Below is working code:

var arr1 = ['hi', 'howdy', 'bye', 'later', 'hello'];
var arr2 = ['HI', 'Howdy', 'BYE', 'later', 'HELLO'];
var obj = {};

for (var i = 0; i < arr1.length; i++) {
  if (arr1[i] === arr2[i].toLowerCase()) {
    obj[arr1[i]] = arr2[i];
  }
}


console.log(obj);

1 Comment

Excellent! I have a feeling that the original poster was presenting his homework for us to do, though. That would explain why it requires use of a callback even though (as you show elegantly) there is no reason to use one.

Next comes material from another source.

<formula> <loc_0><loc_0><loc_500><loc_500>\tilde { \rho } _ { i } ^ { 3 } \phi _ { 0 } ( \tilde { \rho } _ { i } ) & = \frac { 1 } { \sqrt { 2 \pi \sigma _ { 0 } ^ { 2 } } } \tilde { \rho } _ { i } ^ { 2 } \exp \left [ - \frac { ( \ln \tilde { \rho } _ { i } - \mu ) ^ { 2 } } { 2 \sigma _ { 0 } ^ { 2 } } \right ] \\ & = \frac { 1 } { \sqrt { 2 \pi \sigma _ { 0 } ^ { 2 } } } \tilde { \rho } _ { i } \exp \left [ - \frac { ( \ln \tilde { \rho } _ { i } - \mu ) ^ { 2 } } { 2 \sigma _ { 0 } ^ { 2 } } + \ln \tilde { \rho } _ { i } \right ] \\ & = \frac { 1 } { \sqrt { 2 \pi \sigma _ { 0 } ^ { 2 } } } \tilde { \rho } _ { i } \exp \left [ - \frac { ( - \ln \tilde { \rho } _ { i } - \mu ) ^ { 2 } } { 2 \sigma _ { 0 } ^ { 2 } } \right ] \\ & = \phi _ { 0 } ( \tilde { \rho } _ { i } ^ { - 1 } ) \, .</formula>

In that case your answer solves the practical problem but leaves his homework still undone, which is exactly as it should be. 8-)
0

here is mine :-)

function objOfMatches(arr1, arr2, cb) {
  const len = Math.max(arr1.length, arr2.length);
  const oResult = {};
  for (let i = 0; i < len; i++) {
    if (cb(arr1[i]) === arr2[i]) {
      oResult[arr1[i]] = arr2[i];
    }    
  }
  return oResult;
}

var arr1 = ['hi', 'howdy', 'bye', 'later', 'hello'];
var arr2 = ['HI', 'Howdy', 'BYE', 'later', 'HELLO'];
function uppercaser(str) { return str.toUpperCase(); }
console.log(objOfMatches(arr1, arr2, (str) => {
  return (str || '').toUpperCase();
})); // should log: { hi: 'HI', bye: 'BYE', hello: 'HELLO' }

Comments

0

Array.reduce() is pretty standard javascript for taking an array and returning something else like an object. You don't really need to test for the longest array. You just need to make sure you don't handle a possible undefined to your compare function.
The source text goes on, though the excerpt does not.